Scytodes broomi

Scientific classification
- Kingdom: Animalia
- Phylum: Arthropoda
- Subphylum: Chelicerata
- Class: Arachnida
- Order: Araneae
- Infraorder: Araneomorphae
- Family: Scytodidae
- Genus: Scytodes
- Species: S. broomi
- Binomial name: Scytodes broomi Pocock, 1902

= Scytodes broomi =

- Authority: Pocock, 1902

Species of spider

Scytodes broomi is a species of spider in the family Scytodidae. It is endemic to South Africa.

==Distribution==
Scytodes broomi is known from several localities in the Northern Cape province of South Africa, including Garies, Kamaggas, and Benfontein Nature Reserve. The species is found at elevations ranging from 231 to 1,172 m above sea level.

==Habitat and ecology==
Scytodes broomi are free-living ground spiders commonly collected from under stones and in dark places on the soil surface. The species has been sampled from the Grassland and Succulent Karoo biomes.

==Description==

The carapace is ornamented with yellow and black bands of about equal width. An anterior black patch covers the median eyes, and a black stripe extends backwards on each side of the middle line, over the lateral eyes, stopping short just past the middle of the carapace in front of the highest point of the eminence.

Legs are yellow and black with black coxae in front, trochanters with an anterior black spot, and femora largely blackish in front.
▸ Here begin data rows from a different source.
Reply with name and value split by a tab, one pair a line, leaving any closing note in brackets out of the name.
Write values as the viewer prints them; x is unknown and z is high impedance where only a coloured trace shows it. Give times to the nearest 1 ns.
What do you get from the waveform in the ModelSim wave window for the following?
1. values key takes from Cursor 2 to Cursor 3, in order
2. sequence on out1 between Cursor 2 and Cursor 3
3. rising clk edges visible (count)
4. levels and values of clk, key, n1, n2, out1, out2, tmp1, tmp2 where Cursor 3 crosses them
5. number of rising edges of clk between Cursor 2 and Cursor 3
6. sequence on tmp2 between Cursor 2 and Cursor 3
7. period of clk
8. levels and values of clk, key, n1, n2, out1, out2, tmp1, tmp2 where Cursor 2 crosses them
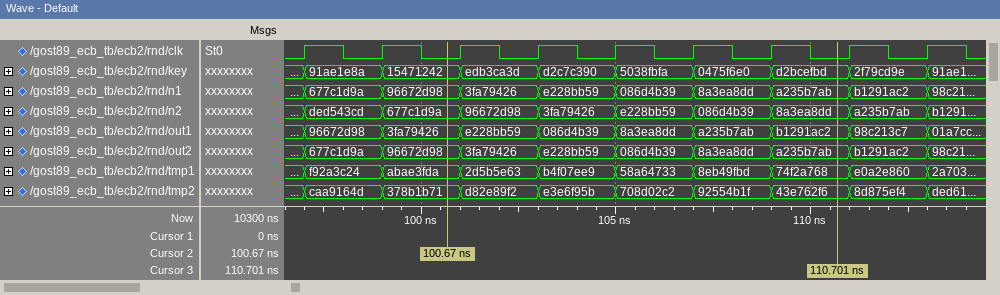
values key takes from Cursor 2 to Cursor 3, in order	15471242, edb3ca3d, d2c7c390, 5038fbfa, 0475f6e0, d2bcefbd
sequence on out1 between Cursor 2 and Cursor 3	3fa79426, e228bb59, 086d4b39, 8a3ea8dd, a235b7ab, b1291ac2
rising clk edges visible	9
levels and values of clk, key, n1, n2, out1, out2, tmp1, tmp2 where Cursor 3 crosses them	clk=0, key=d2bcefbd, n1=a235b7ab, n2=8a3ea8dd, out1=b1291ac2, out2=a235b7ab, tmp1=74f2a768, tmp2=43e762f6
number of rising edges of clk between Cursor 2 and Cursor 3	5
sequence on tmp2 between Cursor 2 and Cursor 3	378b1b71, d82e89f2, e3e6f95b, 708d02c2, 92554b1f, 43e762f6
period of clk	2 ns
levels and values of clk, key, n1, n2, out1, out2, tmp1, tmp2 where Cursor 2 crosses them	clk=0, key=15471242, n1=96672d98, n2=677c1d9a, out1=3fa79426, out2=96672d98, tmp1=abae3fda, tmp2=378b1b71
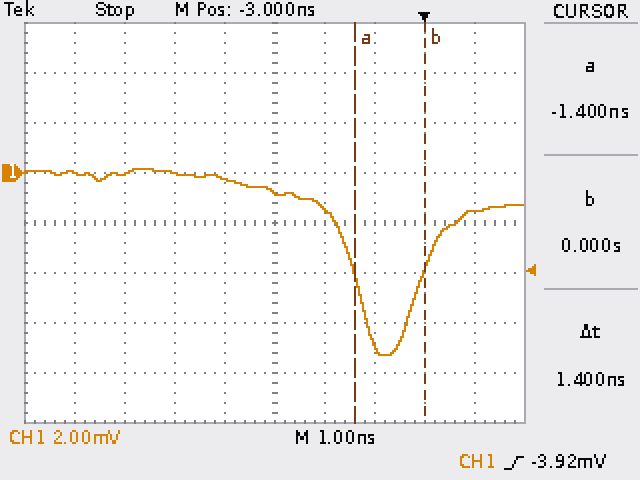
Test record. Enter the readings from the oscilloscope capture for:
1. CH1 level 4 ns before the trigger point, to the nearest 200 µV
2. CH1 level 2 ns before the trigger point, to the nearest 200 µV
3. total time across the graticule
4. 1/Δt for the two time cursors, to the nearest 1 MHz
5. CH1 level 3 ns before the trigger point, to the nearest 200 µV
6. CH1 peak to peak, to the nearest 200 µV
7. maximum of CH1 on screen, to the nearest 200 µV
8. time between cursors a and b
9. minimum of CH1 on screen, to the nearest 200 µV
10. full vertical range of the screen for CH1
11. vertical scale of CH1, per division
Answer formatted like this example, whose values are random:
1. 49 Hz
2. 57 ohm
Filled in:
1. -200 µV
2. -1.4 mV
3. 10 ns
4. 714 MHz
5. -800 µV
6. 7.4 mV
7. 200 µV
8. 1.4 ns
9. -7.2 mV
10. 16 mV
11. 2 mV
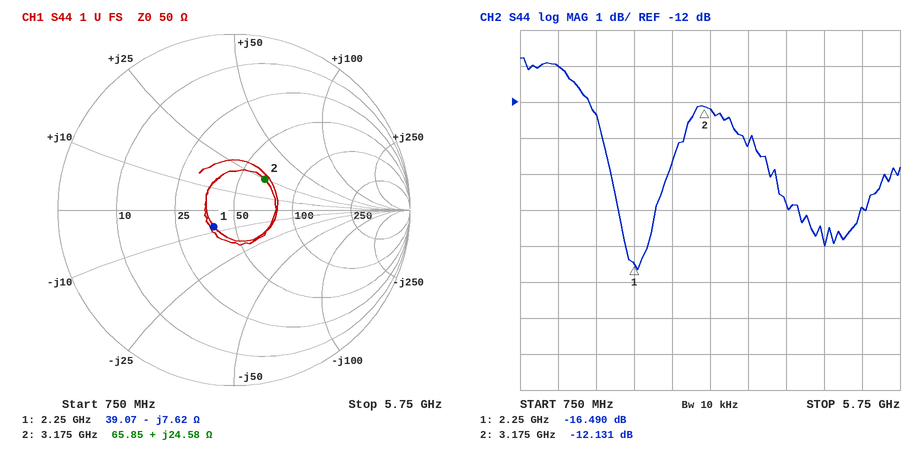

The abdomen is ornamented above with four rows of black spots and is blackish beneath.

==Conservation==
Scytodes broomi is listed as Data Deficient for taxonomic reasons. The status of the species remains obscure, and more sampling is needed to collect the male and determine the species' range. Threats to the species are unknown. It is protected in Benfontein Nature Reserve.

==Taxonomy==
The species has not been revised and is known only from the female, with the epigyne illustrated. More sampling is needed to collect the male and to determine the species' range.